MTG 3212 - Modern Geometries

College of Education

Credit(s): 4
Contact Hours: 62
Effective Term Spring 2026 (660)

Requisites

Prerequisite MAC 2311 with a minimum grade of C

Course Description

This course presents the axioms, basic concepts, proofs and constructions of Euclidean geometry involving line segments, angles, triangles, polygons, circles, parallel lines and similarity. Constructions are made using both compass and straightedge and interactive geometry software. The course also presents basic concepts of non-Euclidean geometries including hyperbolic and spherical. Students will use technology to make conjectures and discoveries concerning geometrical relationships and construct geometric proofs.
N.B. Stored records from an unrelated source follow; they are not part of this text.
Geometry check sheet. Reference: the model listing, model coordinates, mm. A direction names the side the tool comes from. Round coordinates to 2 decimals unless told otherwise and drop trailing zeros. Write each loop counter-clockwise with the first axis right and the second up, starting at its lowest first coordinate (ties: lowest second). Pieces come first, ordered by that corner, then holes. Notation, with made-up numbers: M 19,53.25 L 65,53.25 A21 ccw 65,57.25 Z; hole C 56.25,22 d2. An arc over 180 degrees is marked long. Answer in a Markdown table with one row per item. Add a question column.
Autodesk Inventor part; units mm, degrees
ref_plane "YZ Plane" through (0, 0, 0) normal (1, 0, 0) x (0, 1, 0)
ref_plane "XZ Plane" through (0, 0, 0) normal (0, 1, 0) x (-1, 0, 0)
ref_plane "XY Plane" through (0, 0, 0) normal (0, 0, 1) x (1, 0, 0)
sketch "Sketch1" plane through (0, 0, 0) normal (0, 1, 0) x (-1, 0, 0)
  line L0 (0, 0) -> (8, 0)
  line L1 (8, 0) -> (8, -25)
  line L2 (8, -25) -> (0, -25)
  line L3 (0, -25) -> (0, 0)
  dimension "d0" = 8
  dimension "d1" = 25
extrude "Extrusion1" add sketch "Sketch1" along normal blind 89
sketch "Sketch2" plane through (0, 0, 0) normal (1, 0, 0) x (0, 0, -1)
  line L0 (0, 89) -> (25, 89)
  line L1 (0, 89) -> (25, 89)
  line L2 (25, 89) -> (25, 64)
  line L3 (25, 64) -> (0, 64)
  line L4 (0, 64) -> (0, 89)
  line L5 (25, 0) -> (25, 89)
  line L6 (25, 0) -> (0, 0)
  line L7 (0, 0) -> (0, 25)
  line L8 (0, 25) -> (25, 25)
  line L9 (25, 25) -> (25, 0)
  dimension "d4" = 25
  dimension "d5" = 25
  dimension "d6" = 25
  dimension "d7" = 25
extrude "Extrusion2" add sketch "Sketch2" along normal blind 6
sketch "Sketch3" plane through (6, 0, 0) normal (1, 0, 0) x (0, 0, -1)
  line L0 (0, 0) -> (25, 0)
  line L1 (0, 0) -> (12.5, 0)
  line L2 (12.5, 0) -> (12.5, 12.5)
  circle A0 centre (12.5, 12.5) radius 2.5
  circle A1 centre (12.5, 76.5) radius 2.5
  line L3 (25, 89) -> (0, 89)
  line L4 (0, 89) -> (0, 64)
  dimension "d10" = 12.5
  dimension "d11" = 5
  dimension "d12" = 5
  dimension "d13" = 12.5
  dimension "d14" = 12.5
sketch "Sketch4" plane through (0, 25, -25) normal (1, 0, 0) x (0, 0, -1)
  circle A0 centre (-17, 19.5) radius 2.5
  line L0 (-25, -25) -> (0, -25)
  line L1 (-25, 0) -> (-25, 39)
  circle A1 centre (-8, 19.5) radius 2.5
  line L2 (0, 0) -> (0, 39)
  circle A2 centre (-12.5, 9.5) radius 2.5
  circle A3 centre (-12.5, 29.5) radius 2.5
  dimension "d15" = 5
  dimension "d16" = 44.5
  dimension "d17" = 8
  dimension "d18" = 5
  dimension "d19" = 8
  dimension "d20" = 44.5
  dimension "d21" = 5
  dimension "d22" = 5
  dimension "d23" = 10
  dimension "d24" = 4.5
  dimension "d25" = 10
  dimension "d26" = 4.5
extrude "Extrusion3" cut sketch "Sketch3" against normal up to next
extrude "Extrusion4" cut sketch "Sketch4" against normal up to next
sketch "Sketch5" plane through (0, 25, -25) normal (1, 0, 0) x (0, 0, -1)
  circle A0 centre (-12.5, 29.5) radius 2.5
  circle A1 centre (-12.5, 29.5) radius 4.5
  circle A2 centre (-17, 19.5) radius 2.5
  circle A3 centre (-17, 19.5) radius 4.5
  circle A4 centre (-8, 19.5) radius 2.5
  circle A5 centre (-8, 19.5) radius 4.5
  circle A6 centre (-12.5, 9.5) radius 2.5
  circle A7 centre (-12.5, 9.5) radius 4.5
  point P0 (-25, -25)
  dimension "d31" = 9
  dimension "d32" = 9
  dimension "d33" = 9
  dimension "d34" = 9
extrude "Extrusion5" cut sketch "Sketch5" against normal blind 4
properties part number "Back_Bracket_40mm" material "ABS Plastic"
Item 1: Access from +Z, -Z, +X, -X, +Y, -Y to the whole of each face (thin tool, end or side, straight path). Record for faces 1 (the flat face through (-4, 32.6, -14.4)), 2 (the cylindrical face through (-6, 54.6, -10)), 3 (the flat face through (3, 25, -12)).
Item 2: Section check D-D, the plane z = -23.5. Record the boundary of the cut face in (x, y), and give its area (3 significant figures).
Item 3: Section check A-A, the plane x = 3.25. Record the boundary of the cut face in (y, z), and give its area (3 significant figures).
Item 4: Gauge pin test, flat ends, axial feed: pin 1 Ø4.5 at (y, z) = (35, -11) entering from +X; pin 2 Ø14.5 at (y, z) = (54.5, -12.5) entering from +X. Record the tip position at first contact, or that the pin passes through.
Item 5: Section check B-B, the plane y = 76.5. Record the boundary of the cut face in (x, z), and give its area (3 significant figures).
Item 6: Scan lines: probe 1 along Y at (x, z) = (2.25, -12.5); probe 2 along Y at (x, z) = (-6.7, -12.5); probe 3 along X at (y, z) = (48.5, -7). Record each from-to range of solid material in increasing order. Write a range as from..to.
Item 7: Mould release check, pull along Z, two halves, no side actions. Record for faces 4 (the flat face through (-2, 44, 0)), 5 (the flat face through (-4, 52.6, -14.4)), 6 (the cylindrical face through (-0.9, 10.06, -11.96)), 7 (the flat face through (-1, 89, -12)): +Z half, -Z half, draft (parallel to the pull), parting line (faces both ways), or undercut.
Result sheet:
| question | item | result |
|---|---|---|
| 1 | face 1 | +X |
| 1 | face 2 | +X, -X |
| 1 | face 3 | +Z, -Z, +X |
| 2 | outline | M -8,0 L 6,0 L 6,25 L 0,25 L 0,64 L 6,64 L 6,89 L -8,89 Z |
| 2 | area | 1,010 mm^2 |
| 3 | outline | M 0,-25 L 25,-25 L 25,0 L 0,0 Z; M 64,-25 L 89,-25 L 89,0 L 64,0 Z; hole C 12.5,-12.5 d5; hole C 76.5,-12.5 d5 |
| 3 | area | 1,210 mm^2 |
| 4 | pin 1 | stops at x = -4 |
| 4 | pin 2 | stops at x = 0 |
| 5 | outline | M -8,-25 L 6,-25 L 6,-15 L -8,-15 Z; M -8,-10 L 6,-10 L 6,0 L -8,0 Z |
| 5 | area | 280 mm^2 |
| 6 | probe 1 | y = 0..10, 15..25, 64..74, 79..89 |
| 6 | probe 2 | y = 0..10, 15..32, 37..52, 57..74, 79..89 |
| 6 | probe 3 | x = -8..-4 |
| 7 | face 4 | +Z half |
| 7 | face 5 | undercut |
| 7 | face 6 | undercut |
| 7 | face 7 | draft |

Learning Outcomes and Objectives

  1. The student will solve problems using the axioms and basic concepts of Euclidean plane geometry by:
    1. explaining Euclid’s fundamental axioms for plane geometry.
    2. identifying the underlying Euclidean concepts of a set of points in a two-dimensional plane, length, lines, circles, angular measure and congruence.
    3. classifying and applying transformations (translations, rotations, dilations, or reflections).
    4. analyzing properties of images and preimages.
    5. applying the congruence theorems for triangles (SSS, SAS, ASA, AAS, and HL).
    6. examining geometric constructions using both compass, straight edge and geometric software.
  2. The student will explain the formulation of conjectures involving line segments, angles, triangles, polygons, and circles by:
    1. identifying and applying properties of geometric figures.
    2. using analytic reasoning to formulate conjectures.
    3. using interactive geometry software to formulate conjectures.
    4. proving and applying theorems pertaining to geometric figures.
  3. The student will summarize the properties of regular and semi-regular polyhedra by:
    1. identifying characteristics of three-dimensional figures (e.g., faces, edges, vertices).
    2. identifying the net of a three-dimensional figure.
    3. identifying the two-dimensional view of a three-dimensional object.
    4. analyzing regular and semi-regular polyhedra.
    5. investigating the Euler characteristic of a polyhedron.
  4. The student will solve problems using the basic concepts of spherical and hyperbolic geometry by:
    1. using the fundamental axioms for spherical and hyperbolic geometry.
    2. analyzing the difference between the parallel postulate of spherical and hyperbolic geometry and that of Euclidean geometry.
    3. verifying that the sum of the measures of the angles in a spherical triangle exceeds 180 degrees.
    4. verifying that the sum of the measures of the angles in a hyperbolic triangle is less than 180 degrees.
    5. computing spherical areas.
    6. investigating the Pythagorean theorem for spherical and hyperbolic geometry.
    7. determining the law of sines and cosines for spherical and hyperbolic geometry.

Criteria Performance Standard

Upon successful completion of the course, the student will, with a minimum of 75% accuracy, demonstrate mastery of each of the above stated objectives through classroom measures developed by individual course instructors.

History of Changes

C&I 3/12/02, BOT 4/16/02, Effective yrtr 20021. 2005 3 Year Review done 2006, effective 20061(0370). C&I 12/4/07, BOT 1/15/08, Effective 20072(0390). Flex access 20081(0400). C&I 4/13/2010, BOT 5/18/2010, Effective 20093(0425). C&I Approval: 01/20/2012, BOT Approval: 02/21/2012, Effective Term: Fall 2012 (460).
C&I Approval: , BOT Approval: , Effective Term: Spring 2026 (660)

Related Programs

  1. Secondary Education Mathematics (6-12) (MTSED-BS) (645) (Active)